## To do
From the records below, copy out exactly the lines from the one containing "text Η αναμενόμενη" to the one containing "text Τα δεδομένα κάθε", both included. Add nothing else.

## Provided information
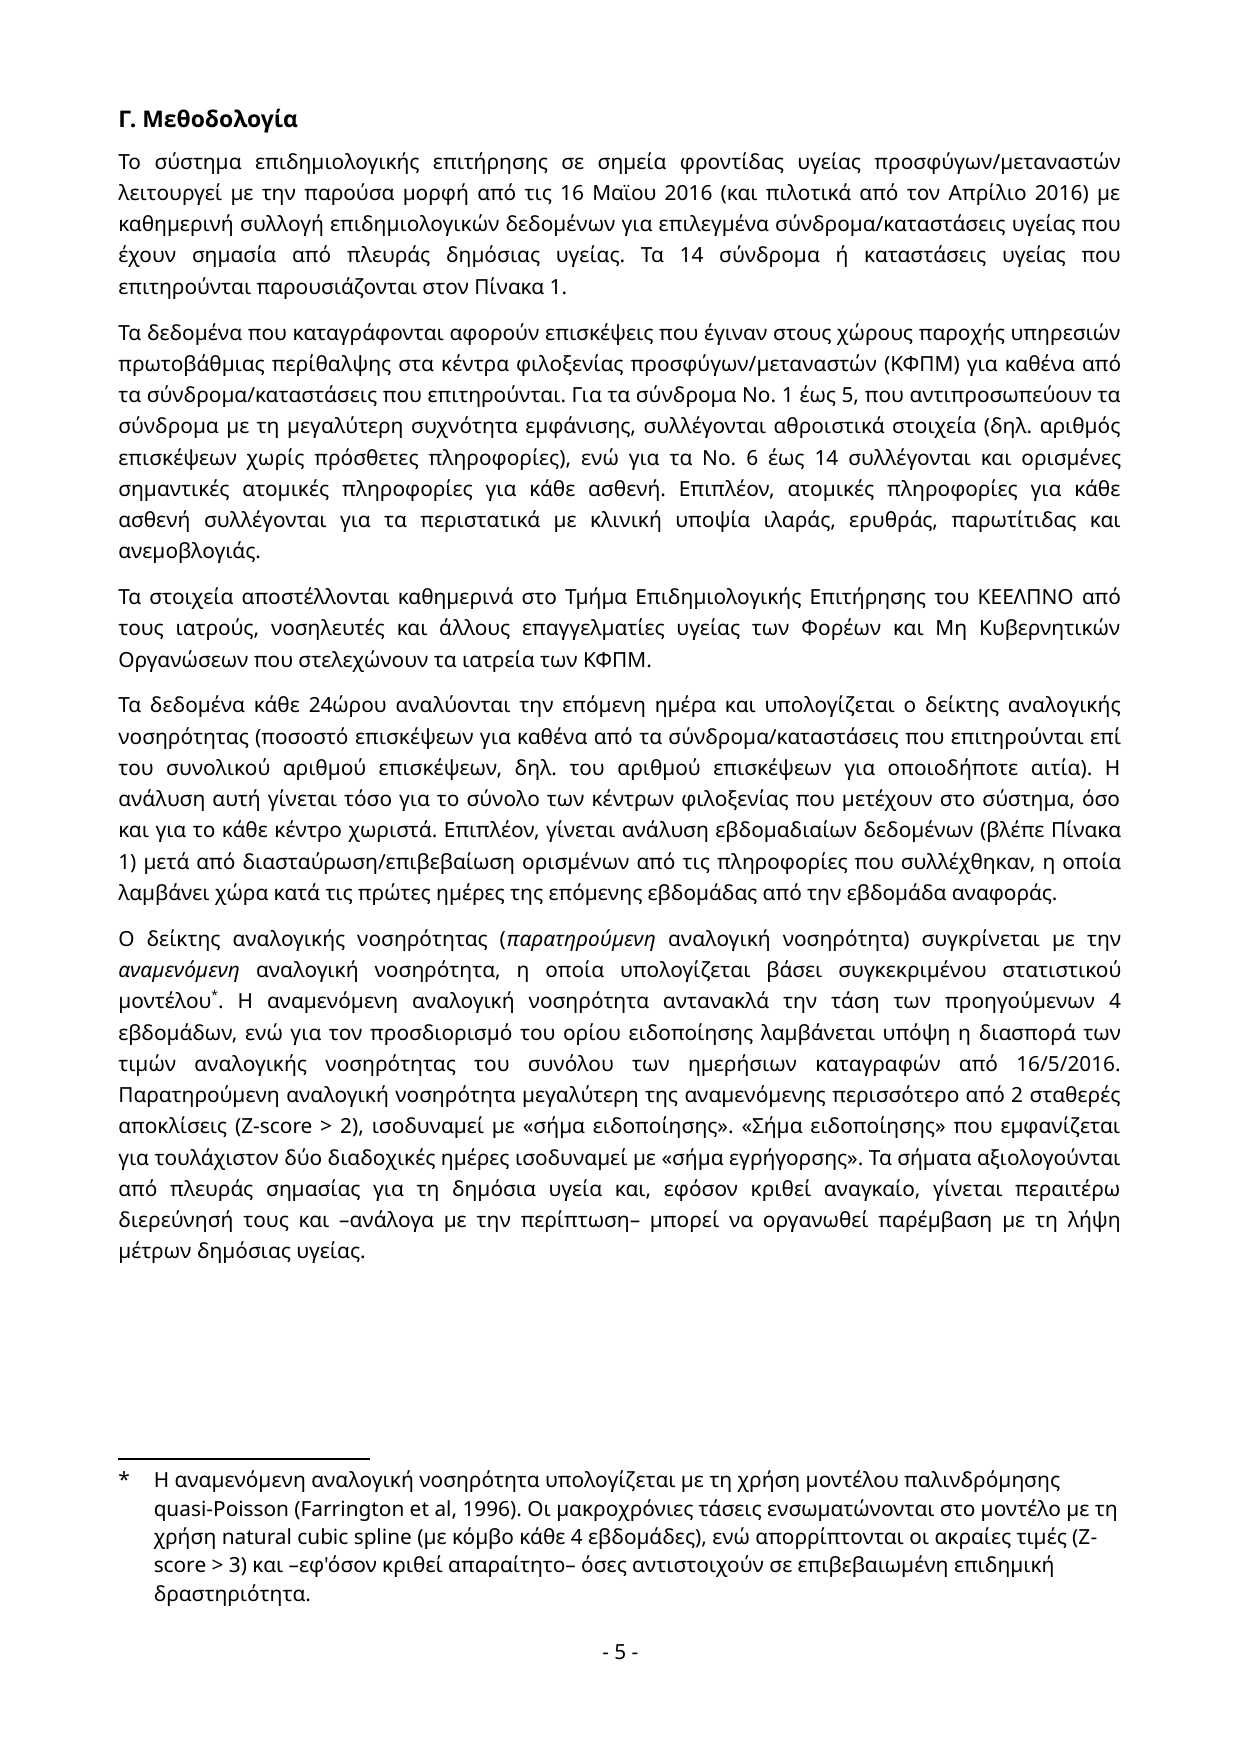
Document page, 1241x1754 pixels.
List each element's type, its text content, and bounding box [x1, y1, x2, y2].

subtitle Γ. Μεθοδολογία [118, 103, 1122, 134]
text Το σύστημα επιδημιολογικής επιτήρησης σε σημεία φροντίδας υγείας προσφύγων/μεταναστών λειτουργεί με την παρούσα μορφή από τις 16 Μαϊου 2016 (και πιλοτικά από τον Απρίλιο 2016) με καθημερινή συλλογή επιδημιολογικών δεδομένων για επιλεγμένα σύνδρομα/καταστάσεις υγείας που έχουν σημασία από πλευράς δημόσιας υγείας. Τα 14 σύνδρομα ή καταστάσεις υγείας που επιτηρούνται παρουσιάζονται στον Πίνακα 1. [118, 147, 1122, 300]
text Τα δεδομένα που καταγράφονται αφορούν επισκέψεις που έγιναν στους χώρους παροχής υπηρεσιών πρωτοβάθμιας περίθαλψης στα κέντρα φιλοξενίας προσφύγων/μεταναστών (ΚΦΠΜ) για καθένα από τα σύνδρομα/καταστάσεις που επιτηρούνται. Για τα σύνδρομα Νο. 1 έως 5, που αντιπροσωπεύουν τα σύνδρομα με τη μεγαλύτερη συχνότητα εμφάνισης, συλλέγονται αθροιστικά στοιχεία (δηλ. αριθμός επισκέψεων χωρίς πρόσθετες πληροφορίες), ενώ για τα Νο. 6 έως 14 συλλέγονται και ορισμένες σημαντικές ατομικές πληροφορίες για κάθε ασθενή. Επιπλέον, ατομικές πληροφορίες για κάθε ασθενή συλλέγονται για τα περιστατικά με κλινική υποψία ιλαράς, ερυθράς, παρωτίτιδας και ανεμοβλογιάς. [118, 318, 1122, 565]
text Η αναμενόμενη αναλογική νοσηρότητα υπολογίζεται με τη χρήση μοντέλου παλινδρόμησης quasi-Poisson (Farrington et al, 1996). Οι μακροχρόνιες τάσεις ενσωματώνονται στο μοντέλο με τη χρήση natural cubic spline (με κόμβο κάθε 4 εβδομάδες), ενώ απορρίπτονται οι ακραίες τιμές (Z-score > 3) και –εφ'όσον κριθεί απαραίτητο– όσες αντιστοιχούν σε επιβεβαιωμένη επιδημική δραστηριότητα. [118, 1465, 1122, 1607]
text Τα δεδομένα κάθε 24ώρου αναλύονται την επόμενη ημέρα και υπολογίζεται ο δείκτης αναλογικής νοσηρότητας (ποσοστό επισκέψεων για καθένα από τα σύνδρομα/καταστάσεις που επιτηρούνται επί του συνολικού αριθμού επισκέψεων, δηλ. του αριθμού επισκέψεων για οποιοδήποτε αιτία). Η ανάλυση αυτή γίνεται τόσο για το σύνολο των κέντρων φιλοξενίας που μετέχουν στο σύστημα, όσο και για το κάθε κέντρο χωριστά. Επιπλέον, γίνεται ανάλυση εβδομαδιαίων δεδομένων (βλέπε Πίνακα 1) μετά από διασταύρωση/επιβεβαίωση ορισμένων από τις πληροφορίες που συλλέχθηκαν, η οποία λαμβάνει χώρα κατά τις πρώτες ημέρες της επόμενης εβδομάδας από την εβδομάδα αναφοράς. [118, 691, 1122, 907]
text Ο δείκτης αναλογικής νοσηρότητας (παρατηρούμενη αναλογική νοσηρότητα) συγκρίνεται με την αναμενόμενη αναλογική νοσηρότητα, η οποία υπολογίζεται βάσει συγκεκριμένου στατιστικού μοντέλου. Η αναμενόμενη αναλογική νοσηρότητα αντανακλά την τάση των προηγούμενων 4 εβδομάδων, ενώ για τον προσδιορισμό του ορίου ειδοποίησης λαμβάνεται υπόψη η διασπορά των τιμών αναλογικής νοσηρότητας του συνόλου των ημερήσιων καταγραφών από 16/5/2016. Παρατηρούμενη αναλογική νοσηρότητα μεγαλύτερη της αναμενόμενης περισσότερο από 2 σταθερές αποκλίσεις (Ζ-score > 2), ισοδυναμεί με «σήμα ειδοποίησης». «Σήμα ειδοποίησης» που εμφανίζεται για τουλάχιστον δύο διαδοχικές ημέρες ισοδυναμεί με «σήμα εγρήγορσης». Τα σήματα αξιολογούνται από πλευράς σημασίας για τη δημόσια υγεία και, εφόσον κριθεί αναγκαίο, γίνεται περαιτέρω διερεύνησή τους και –ανάλογα με την περίπτωση– μπορεί να οργανωθεί παρέμβαση με τη λήψη μέτρων δημόσιας υγείας. [118, 924, 1122, 1265]
text Τα στοιχεία αποστέλλονται καθημερινά στο Τμήμα Επιδημιολογικής Επιτήρησης του ΚΕΕΛΠΝΟ από τους ιατρούς, νοσηλευτές και άλλους επαγγελματίες υγείας των Φορέων και Μη Κυβερνητικών Οργανώσεων που στελεχώνουν τα ιατρεία των ΚΦΠΜ. [118, 582, 1122, 673]
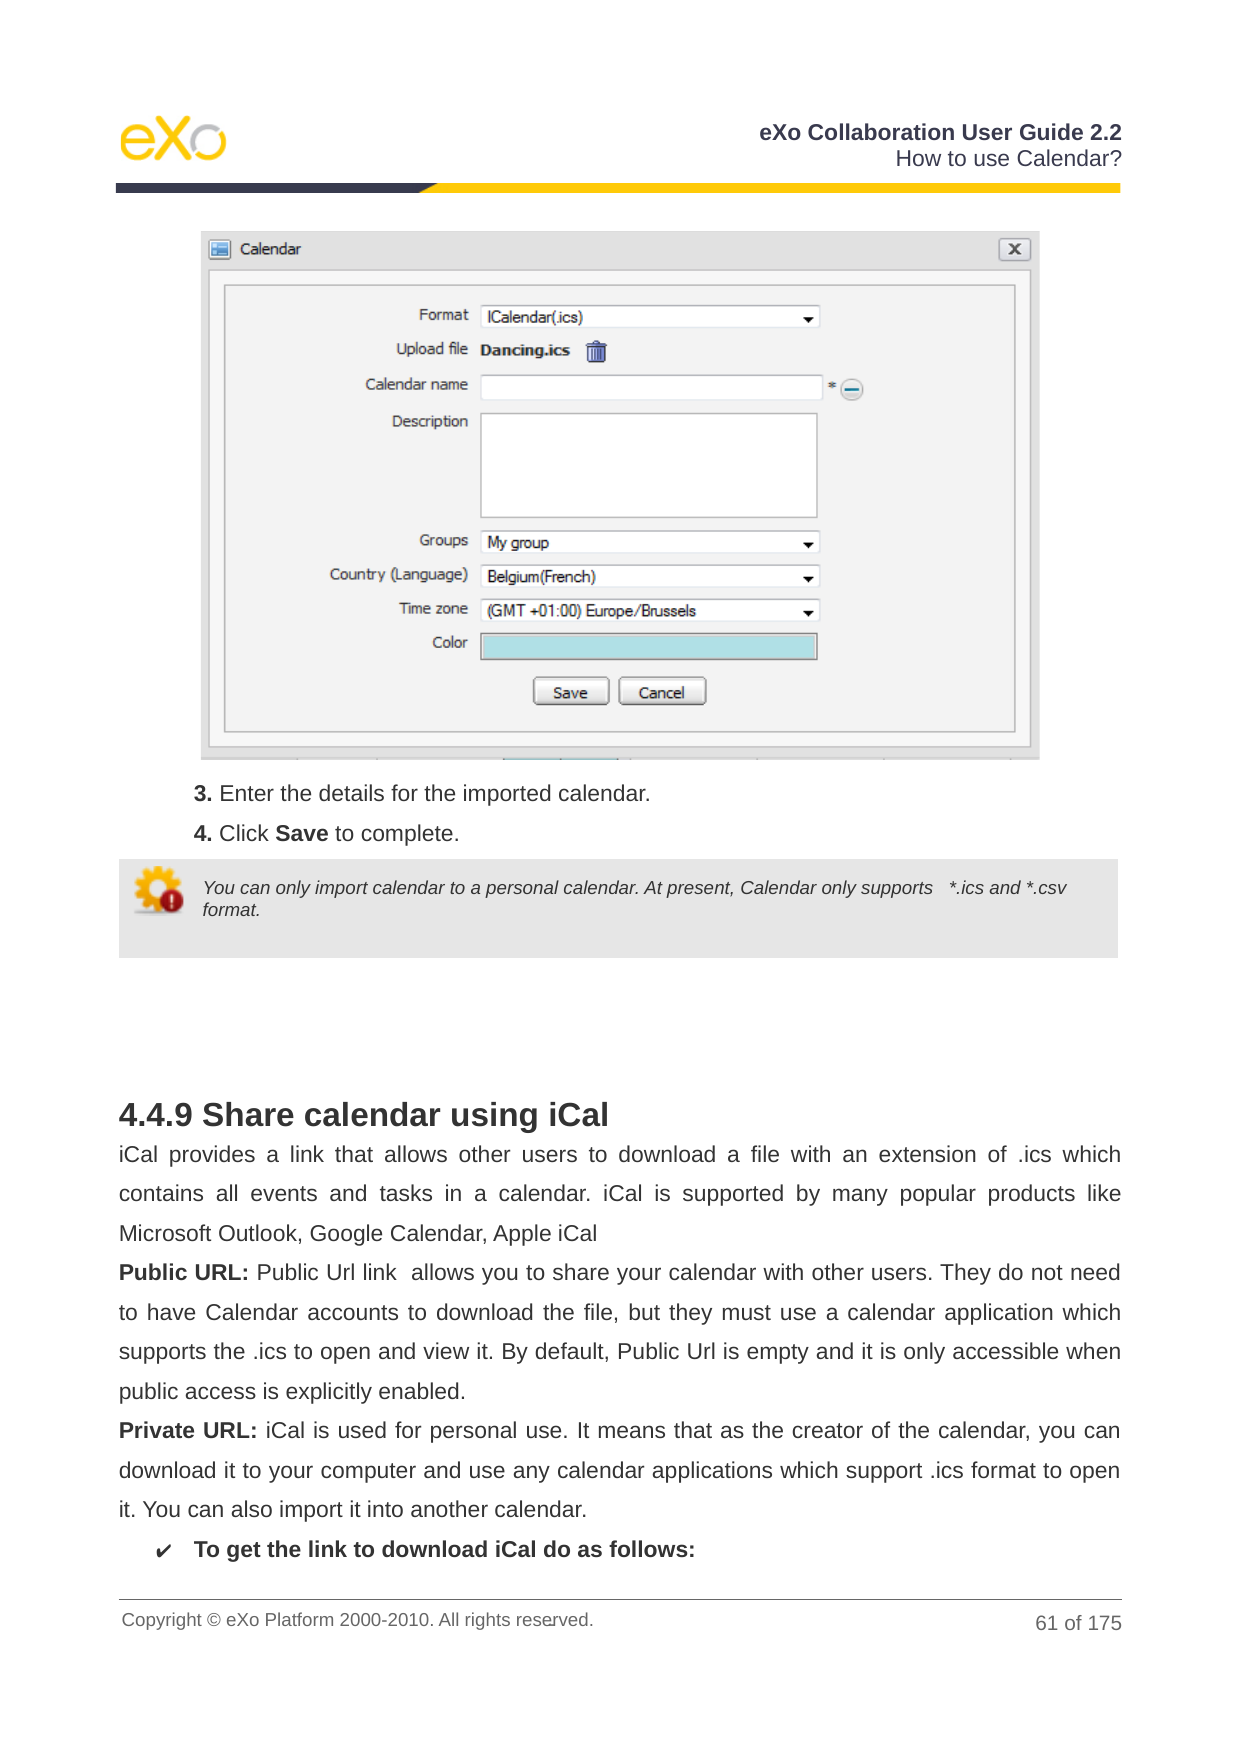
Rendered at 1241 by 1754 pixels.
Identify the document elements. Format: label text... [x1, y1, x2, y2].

text iCal provides a link that allows other users to download a file with an extension of .ics which contains all events and tasks in a calendar. iCal is supported by many popular products like Microsoft Outlook, Google Calendar, Apple iCal [118, 1141, 1122, 1246]
list 4. Click Save to complete. [156, 819, 1122, 846]
table_header You can only import calendar to a personal calendar. At present, Calendar only supports *.ics and *.csv format. [197, 859, 1118, 958]
picture [133, 866, 184, 916]
picture [115, 183, 1121, 193]
list 3. Enter the details for the imported calendar. [156, 223, 1122, 806]
table_header [119, 859, 197, 958]
subtitle Share calendar using iCal [118, 1095, 1122, 1133]
list Private URL: iCal is used for personal use. It means that as the creator of the calendar, you can download it to your computer and use any calendar applications which support .ics format to open it. You can also import it into another calendar. [118, 1417, 1122, 1523]
picture [200, 231, 1040, 760]
list To get the link to download iCal do as follows: [156, 1536, 1122, 1562]
text Public URL: Public Url link allows you to share your calendar with other users. They do not need to have Calendar accounts to download the file, but they must use a calendar application which supports the .ics to open and view it. By default, Public Url is empty and it is only accessible when public access is explicitly enabled. [118, 1259, 1122, 1404]
picture [120, 115, 227, 161]
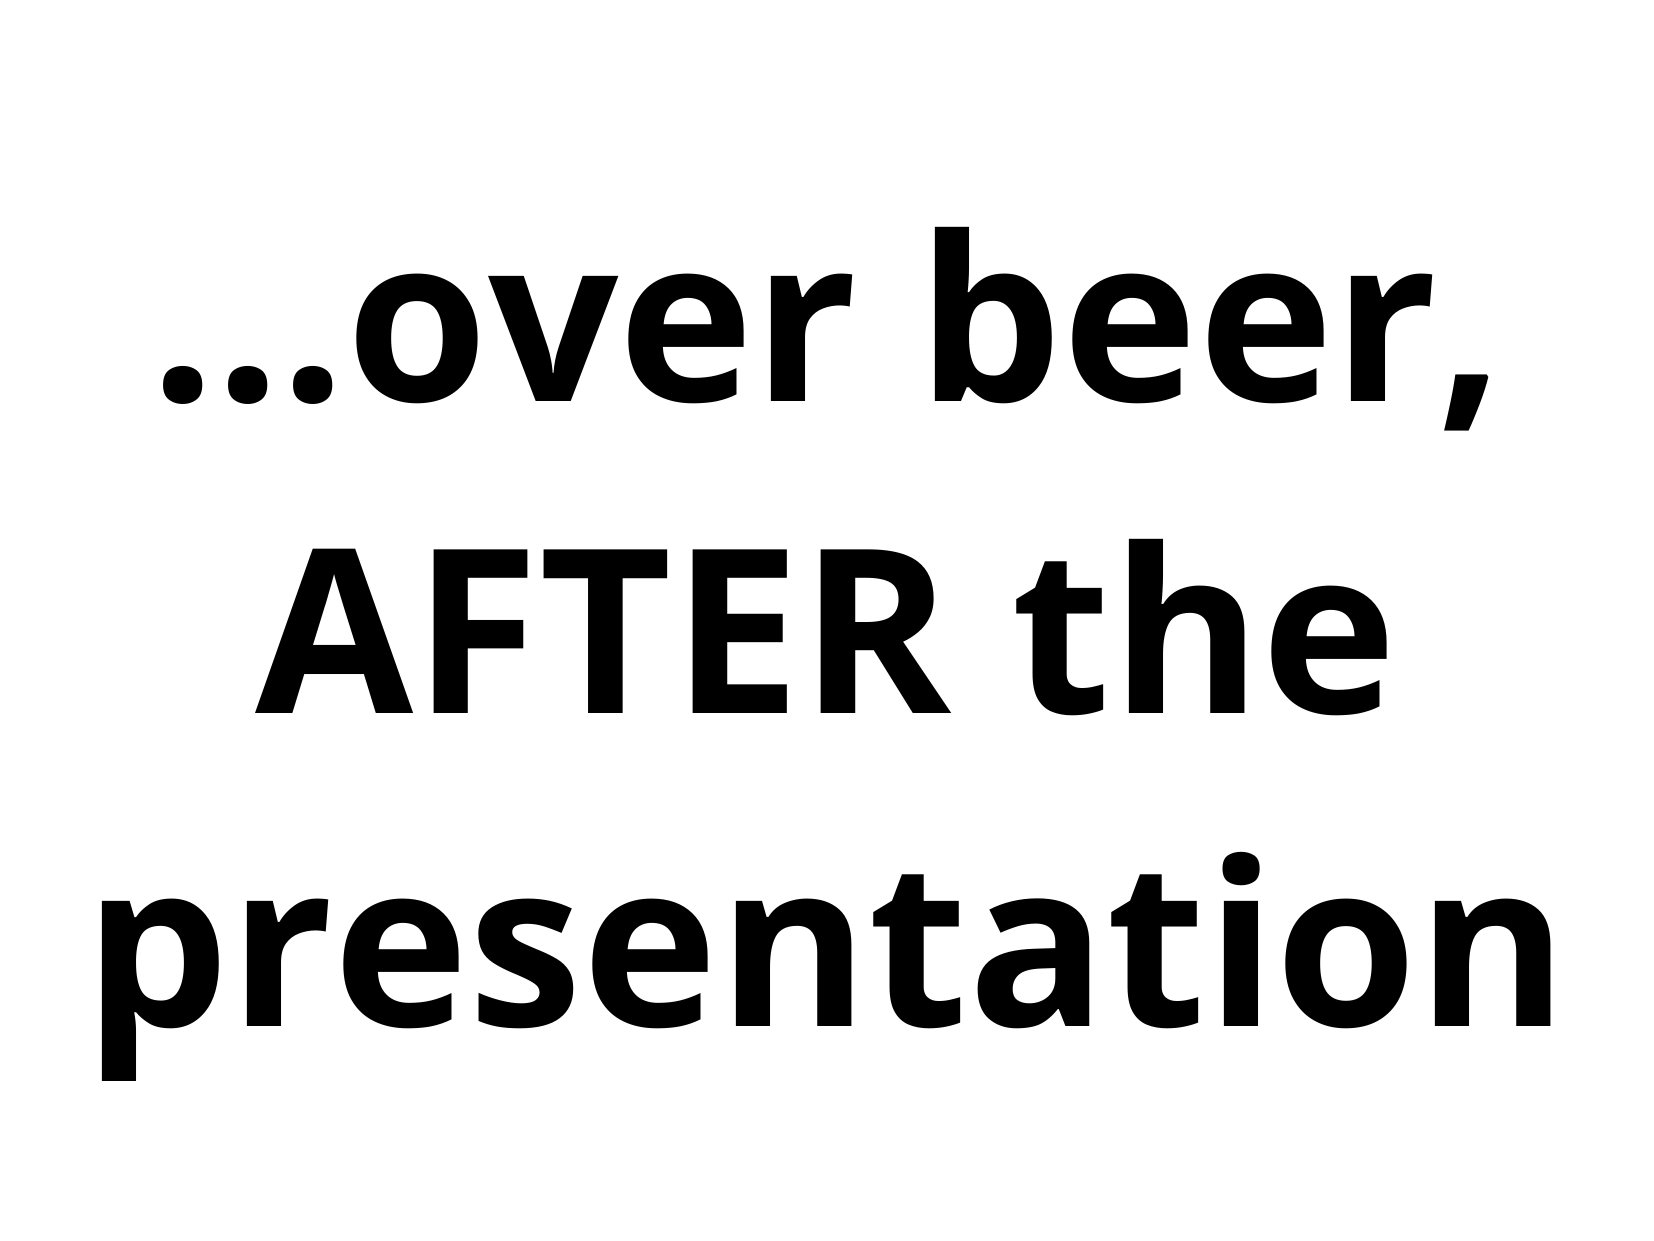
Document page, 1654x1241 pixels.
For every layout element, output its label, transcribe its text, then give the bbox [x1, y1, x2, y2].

title ...over beer, AFTER the presentation [82, 49, 1571, 1201]

## Answer space
text Η αναμενόμενη αναλογική νοσηρότητα υπολογίζεται με τη χρήση μοντέλου παλινδρόμησης quasi-Poisson (Farrington et al, 1996). Οι μακροχρόνιες τάσεις ενσωματώνονται στο μοντέλο με τη χρήση natural cubic spline (με κόμβο κάθε 4 εβδομάδες), ενώ απορρίπτονται οι ακραίες τιμές (Z-score > 3) και –εφ'όσον κριθεί απαραίτητο– όσες αντιστοιχούν σε επιβεβαιωμένη επιδημική δραστηριότητα. [118, 1465, 1122, 1607]
text Τα δεδομένα κάθε 24ώρου αναλύονται την επόμενη ημέρα και υπολογίζεται ο δείκτης αναλογικής νοσηρότητας (ποσοστό επισκέψεων για καθένα από τα σύνδρομα/καταστάσεις που επιτηρούνται επί του συνολικού αριθμού επισκέψεων, δηλ. του αριθμού επισκέψεων για οποιοδήποτε αιτία). Η ανάλυση αυτή γίνεται τόσο για το σύνολο των κέντρων φιλοξενίας που μετέχουν στο σύστημα, όσο και για το κάθε κέντρο χωριστά. Επιπλέον, γίνεται ανάλυση εβδομαδιαίων δεδομένων (βλέπε Πίνακα 1) μετά από διασταύρωση/επιβεβαίωση ορισμένων από τις πληροφορίες που συλλέχθηκαν, η οποία λαμβάνει χώρα κατά τις πρώτες ημέρες της επόμενης εβδομάδας από την εβδομάδα αναφοράς. [118, 691, 1122, 907]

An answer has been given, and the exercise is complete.